Extracted data entries
────────────────────────────────────────

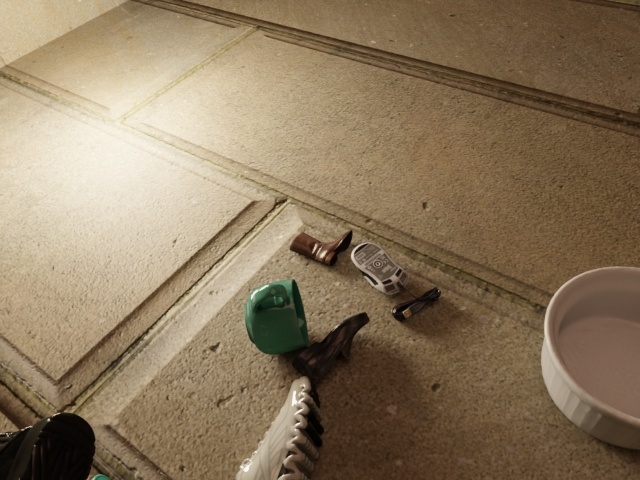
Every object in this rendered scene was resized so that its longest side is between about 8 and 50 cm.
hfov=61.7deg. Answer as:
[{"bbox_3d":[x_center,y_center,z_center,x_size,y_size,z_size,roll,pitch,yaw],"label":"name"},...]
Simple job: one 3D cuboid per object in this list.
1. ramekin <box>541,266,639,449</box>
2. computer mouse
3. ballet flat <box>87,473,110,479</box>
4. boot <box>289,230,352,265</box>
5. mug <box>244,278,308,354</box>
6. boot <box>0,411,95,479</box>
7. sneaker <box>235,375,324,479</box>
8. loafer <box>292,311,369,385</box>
[{"bbox_3d":[0.491,0.190,0.852,0.277,0.135,0.277,-4,50,5],"label":"ramekin"},{"bbox_3d":[0.139,0.077,1.077,0.106,0.042,0.193,-35,58,-17],"label":"computer mouse"},{"bbox_3d":[-0.305,0.494,0.719,0.124,0.116,0.342,-37,55,-1],"label":"ballet flat"},{"bbox_3d":[0.000,0.000,1.171,0.114,0.037,0.106,20,51,30],"label":"boot"},{"bbox_3d":[-0.086,0.131,0.976,0.097,0.157,0.129,-13,23,4],"label":"mug"},{"bbox_3d":[-0.472,0.409,0.722,0.260,0.131,0.348,-20,31,21],"label":"boot"},{"bbox_3d":[-0.068,0.341,0.822,0.118,0.110,0.292,-2,46,18],"label":"sneaker"},{"bbox_3d":[0.030,0.195,0.976,0.170,0.062,0.061,-36,75,-19],"label":"loafer"}]

────────────────────────────────────────

■ **ASSIGNMENT**
Your copy of the data above should match it exactly, apart from the images.

■ **EXPECTED ANSWER**
Every object in this rendered scene was resized so that its longest side is between about 8 and 50 cm.
hfov=61.7deg. Answer as:
[{"bbox_3d":[x_center,y_center,z_center,x_size,y_size,z_size,roll,pitch,yaw],"label":"name"},...]
Simple job: one 3D cuboid per object in this list.
1. ramekin <box>541,266,639,449</box>
2. computer mouse
3. ballet flat <box>87,473,110,479</box>
4. boot <box>289,230,352,265</box>
5. mug <box>244,278,308,354</box>
6. boot <box>0,411,95,479</box>
7. sneaker <box>235,375,324,479</box>
8. loafer <box>292,311,369,385</box>
[{"bbox_3d":[0.491,0.190,0.852,0.277,0.135,0.277,-4,50,5],"label":"ramekin"},{"bbox_3d":[0.139,0.077,1.077,0.106,0.042,0.193,-35,58,-17],"label":"computer mouse"},{"bbox_3d":[-0.305,0.494,0.719,0.124,0.116,0.342,-37,55,-1],"label":"ballet flat"},{"bbox_3d":[0.000,0.000,1.171,0.114,0.037,0.106,20,51,30],"label":"boot"},{"bbox_3d":[-0.086,0.131,0.976,0.097,0.157,0.129,-13,23,4],"label":"mug"},{"bbox_3d":[-0.472,0.409,0.722,0.260,0.131,0.348,-20,31,21],"label":"boot"},{"bbox_3d":[-0.068,0.341,0.822,0.118,0.110,0.292,-2,46,18],"label":"sneaker"},{"bbox_3d":[0.030,0.195,0.976,0.170,0.062,0.061,-36,75,-19],"label":"loafer"}]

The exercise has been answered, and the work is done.